Dan Balz of the Washington Post

I’d never met him—he was three years ahead of me at the University of Illinois—but the Washington Post’s Dan Balz, 67, was instantly recognizable to me from his appearances on PBS’s Washington Week and MSNBC’s The Daily Rundown when I met him this morning at the Union League Club.

I read his latest book, Collision 2012: Obama vs. Romney and the Future of Elections in America, hoping for some juicy tidbits about Chicagoans who had starring roles in the ’12 election, and found lots on David Axelrod, but not too much on the usual cast of local characters (Rahm, Valerie, Bill, et al.). 

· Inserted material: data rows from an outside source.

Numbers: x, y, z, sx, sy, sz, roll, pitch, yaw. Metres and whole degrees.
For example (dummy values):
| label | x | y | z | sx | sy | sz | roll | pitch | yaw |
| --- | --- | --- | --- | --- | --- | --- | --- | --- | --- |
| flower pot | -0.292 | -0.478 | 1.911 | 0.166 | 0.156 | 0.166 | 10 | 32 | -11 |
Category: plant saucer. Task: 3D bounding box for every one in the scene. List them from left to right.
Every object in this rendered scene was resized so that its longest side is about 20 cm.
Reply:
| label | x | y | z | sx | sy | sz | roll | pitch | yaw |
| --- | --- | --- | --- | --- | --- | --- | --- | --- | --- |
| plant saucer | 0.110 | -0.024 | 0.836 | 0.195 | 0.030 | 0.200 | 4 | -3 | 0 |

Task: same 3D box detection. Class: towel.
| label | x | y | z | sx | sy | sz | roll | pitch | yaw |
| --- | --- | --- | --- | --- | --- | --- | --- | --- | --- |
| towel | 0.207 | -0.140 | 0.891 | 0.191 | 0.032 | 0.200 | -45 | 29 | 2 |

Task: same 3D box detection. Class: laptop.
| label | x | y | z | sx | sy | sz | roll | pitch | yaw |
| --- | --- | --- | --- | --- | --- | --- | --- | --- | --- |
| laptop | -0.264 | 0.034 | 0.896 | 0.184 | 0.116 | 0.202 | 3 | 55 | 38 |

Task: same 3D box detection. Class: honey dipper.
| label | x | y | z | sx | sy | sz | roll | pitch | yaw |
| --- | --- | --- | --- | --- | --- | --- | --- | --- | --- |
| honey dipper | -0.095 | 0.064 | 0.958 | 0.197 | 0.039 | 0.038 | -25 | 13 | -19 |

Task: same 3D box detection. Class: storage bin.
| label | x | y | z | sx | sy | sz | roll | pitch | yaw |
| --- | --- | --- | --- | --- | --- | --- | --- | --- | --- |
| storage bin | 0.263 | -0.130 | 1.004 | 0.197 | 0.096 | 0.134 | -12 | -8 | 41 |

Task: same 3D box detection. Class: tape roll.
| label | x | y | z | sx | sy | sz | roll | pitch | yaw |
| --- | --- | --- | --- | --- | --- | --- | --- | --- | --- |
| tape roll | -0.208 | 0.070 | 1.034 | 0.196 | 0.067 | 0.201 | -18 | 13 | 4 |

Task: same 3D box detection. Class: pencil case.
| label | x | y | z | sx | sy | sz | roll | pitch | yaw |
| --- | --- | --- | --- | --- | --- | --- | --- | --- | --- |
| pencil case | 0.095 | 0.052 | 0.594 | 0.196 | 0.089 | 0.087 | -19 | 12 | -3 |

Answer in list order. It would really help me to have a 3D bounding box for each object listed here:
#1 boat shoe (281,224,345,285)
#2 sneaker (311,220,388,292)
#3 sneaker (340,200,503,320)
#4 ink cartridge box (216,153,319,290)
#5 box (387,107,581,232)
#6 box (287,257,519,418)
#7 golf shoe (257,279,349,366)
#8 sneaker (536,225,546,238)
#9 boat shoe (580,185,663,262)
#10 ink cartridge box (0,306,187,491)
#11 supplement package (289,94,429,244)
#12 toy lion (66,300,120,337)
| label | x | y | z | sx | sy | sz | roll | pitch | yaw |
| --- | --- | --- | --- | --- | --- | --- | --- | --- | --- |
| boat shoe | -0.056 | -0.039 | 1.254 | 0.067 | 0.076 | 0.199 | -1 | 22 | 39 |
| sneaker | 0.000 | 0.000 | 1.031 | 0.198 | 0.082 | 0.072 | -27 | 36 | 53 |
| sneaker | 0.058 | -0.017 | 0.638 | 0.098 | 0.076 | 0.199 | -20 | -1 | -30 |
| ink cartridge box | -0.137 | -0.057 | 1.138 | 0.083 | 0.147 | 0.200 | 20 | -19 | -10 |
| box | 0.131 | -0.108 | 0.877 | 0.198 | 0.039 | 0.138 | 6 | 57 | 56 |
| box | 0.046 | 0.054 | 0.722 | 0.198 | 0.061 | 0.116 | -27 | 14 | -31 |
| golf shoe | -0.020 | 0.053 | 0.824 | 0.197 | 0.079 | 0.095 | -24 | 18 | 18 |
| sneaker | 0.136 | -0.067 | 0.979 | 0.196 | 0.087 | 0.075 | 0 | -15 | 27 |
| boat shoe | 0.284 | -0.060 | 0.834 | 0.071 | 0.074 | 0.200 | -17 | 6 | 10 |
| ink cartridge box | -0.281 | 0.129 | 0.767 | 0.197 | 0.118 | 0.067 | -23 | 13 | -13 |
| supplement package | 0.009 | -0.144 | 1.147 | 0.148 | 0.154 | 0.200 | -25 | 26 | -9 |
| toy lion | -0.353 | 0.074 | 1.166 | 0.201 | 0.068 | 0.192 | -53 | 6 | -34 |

When I learned that he was coming to Chicago for an appearance tonight sponsored by Axelrod’s University of Chicago Institute of Politics, I jumped at the chance to interview him and to ask him about his roots in Freeport, Illinois, why he went east, and what’s the deal with Jeff Bezos buying the paper where he has worked for 35 years.

Here’s an edited transcript of our conversation:

CF: You say the Chicagoans you focused on in Collision are the people who ran the campaign. Who were the major players?

DB: David Axelrod obviously was a big player.

CF: If Axelrod had decided he wanted to become a rabbi or do something completely different or retire . . . would Obama have won this election? Just how pivotal was he?

DB: He’s very pivotal, but Obama probably would have won the election with or without David. Probably would have won the election with or without any individual in that campaign because it was a campaign of a lot of people and a lot of talent. But David was absolutely central to the operation because of his relationship with Obama, because of his ability to think through and frame the message, and because he’s good at what he does. He knows Obama; he can talk to Obama candidly; he can take the Obama message and put it out in a public way; he can help develop the advertising and the strategy and all that. He’s one of the two or three most important people in that operation, but . . . if you take any one of them out could they have still won? Probably.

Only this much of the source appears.